Note that since terms under review might be modified or removed later,
this use case is somewhat in conflict with the basic requirement
of stable vocabularies (i.e., a document valid once will not
become invalid later because of changes in vocabularies).
\subsubsection{Understanding Vocabulary Evolution}
\label{uc:understanding}
When a question comes up, such as what \vocterm{calibration} actually means
in the datalink core vocabulary, and the (legacy) description is not
sufficiently clear, people can go back to the discussions that led up
to the addition of that term. This will also help clarify existing
usage that might have begun at the time of the initial definition.
\subsubsection{Offline operation}
\label{uc:offline}
A system doing, say, coordinate transformations might run without an internet
connection but still needs to use semantic resources on frames and
reference positions (e.g., figure out that a given space probe is in L1
and use that as reference position). To do that, it wants to use a
previously downloaded copy of the vocabulary.
\subsubsection{UAT in VOResource}
\label{uc:uat}
VOResource 1.1, in the description of the \xmlel{subject} element, says
that its content ``should be drawn from the Unified Astronomy
Thesaurus''. This is intended to later facilitate interactive topic
navigation within the Registry or semantic expansion of Registry queries
(``include narrower terms'').
\subsection{Requirements}
\label{sect:requirements}
\subsubsection{Lists of Terms}
\label{req:lists}
We need to be able to represent simple lists of terms even for the most
basic use case~\ref{uc:simplevoc}. As per
use case~\ref{uc:votvoc}, we will have to represent instances of both
\vocterm{rdf:Property} and \vocterm{rdfs:Class} (though not necessarily
in one vocabulary). In order to not break existing practices (e.g.,
use cases \ref{uc:simplevoc}, \ref{uc:votvoc}, \ref{uc:links}), the
machine-readable terms must be allowed to follow existing patterns of
essentially human-readable identifiers (against external best practices
of using non-informative URI forms). In general, in essentially all use
cases discussed, making the machine-readable terms discernable by a
human is an advantage.
\subsubsection{Hierarchies of Terms}
\label{req:hierarchy}
Both use case~\ref{uc:links} and use case~\ref{uc:filtering} require a hierarchy
of terms, where clients can find wider and narrower terms
relative to an original one. There is a difference,
however: in the datalink use case, strict \vocterm{is-a} relationships
are what clients need (e.g., ``give me all kinds of previews''). In the
VOEvent case, however, a somewhat softer sort of hierarchy is required.

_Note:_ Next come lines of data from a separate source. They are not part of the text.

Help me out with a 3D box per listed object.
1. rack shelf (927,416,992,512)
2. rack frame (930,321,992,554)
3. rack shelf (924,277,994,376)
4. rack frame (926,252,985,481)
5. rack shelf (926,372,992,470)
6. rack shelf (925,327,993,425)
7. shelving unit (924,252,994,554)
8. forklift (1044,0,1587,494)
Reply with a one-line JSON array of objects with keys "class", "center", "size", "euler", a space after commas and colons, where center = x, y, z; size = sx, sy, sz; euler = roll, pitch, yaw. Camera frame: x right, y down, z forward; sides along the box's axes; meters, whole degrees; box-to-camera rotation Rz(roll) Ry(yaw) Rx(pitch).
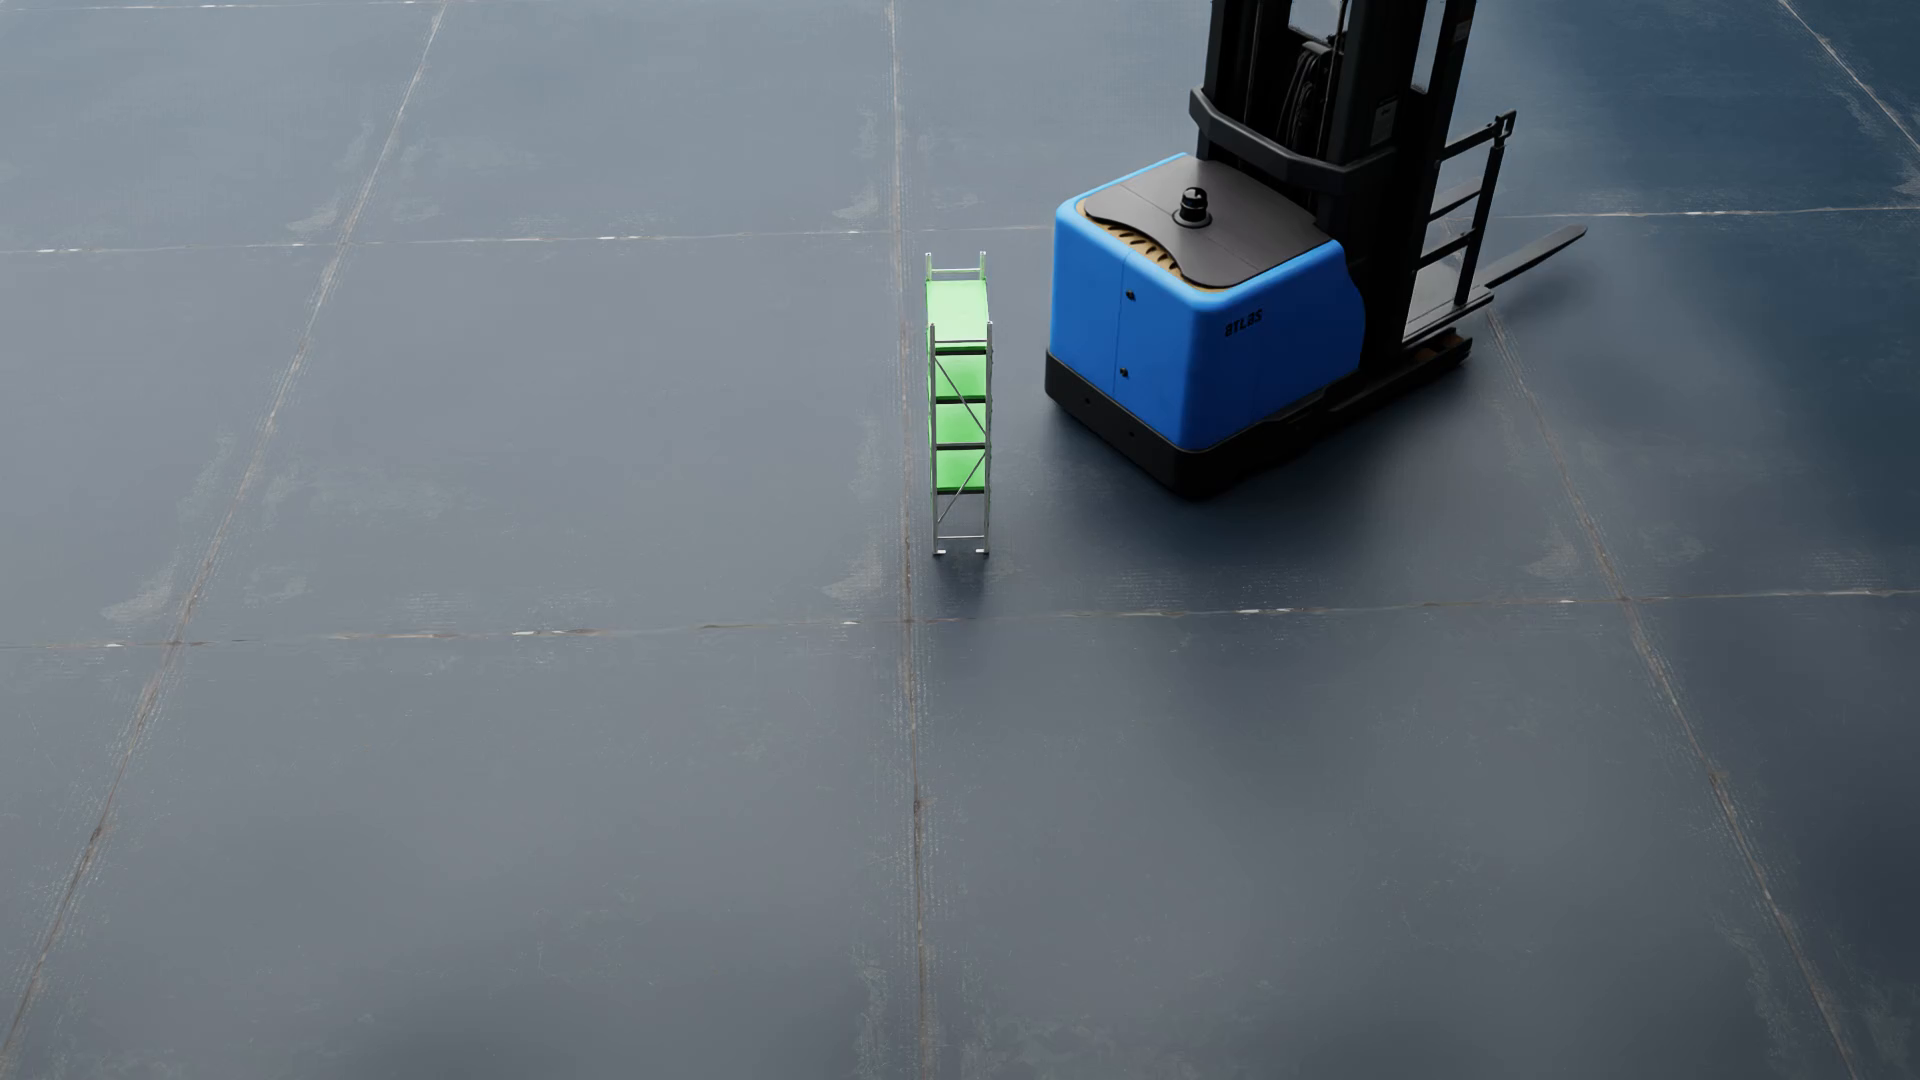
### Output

For instance, a filter for accretion disks might very well expand to
match both quasars and cataclysmic variables. Hence, we want to
be able to represent strict class hierarchies as well as thesaurus-like
soft knowledge structures.
\subsubsection{Tree-like Hierarchies}
\label{req:tree}
Where we expect some sort of semi-formal inference to take place on the
vocabularies, the hierarchy should be a tree in order to facilitate
traversal and controlled query expansion. In other words, outside of
SKOS we do not support multiple inheritance. Use cases requiring
something equivalent would have to resort to supporting multiple terms
on the annotation level.
\subsubsection{Consensus Vocabularies}
\label{req:consensus}
Essentially all our our use cases will be much easier to implement if
clients can work through simple string comparisons. Therefore,
wherever feasible IVOA standards should build on IVOA-sanctioned,
consensus vocabularies.
\subsubsection{Deprecating Terms}
\label{req:deprecating}
While we believe at this point that terms once approved by the IVOA
should never disappear -- for instance, because validators might
otherwise flag previously valid instance documents as invalid --, use
case~\ref{uc:deprecation} shows that some way of declaring
deprecations must be forseen.
\subsubsection{Public Availability of Machine-Readable Vocabularies}
\label{req:machine}
In particular in use cases~\ref{uc:links} and \ref{uc:filtering},
clients can flexibly incorporate vocabulary updates without code
changes, perhaps even without re-deployment, if vocabularies are
available at constant, public URIs. Using these, clients must be able to
retrieve vocabulary data in formats reasonably easy to parse.
Use case~\ref{uc:discovering} implies that at least one representation
of the vocabulary should be human-readable.
\subsubsection{Minimal Term Metadata}
\label{req:mtm}
To support use case~\ref{uc:discovering}, all terms in IVOA vocabularies
must come with a non-trivial description.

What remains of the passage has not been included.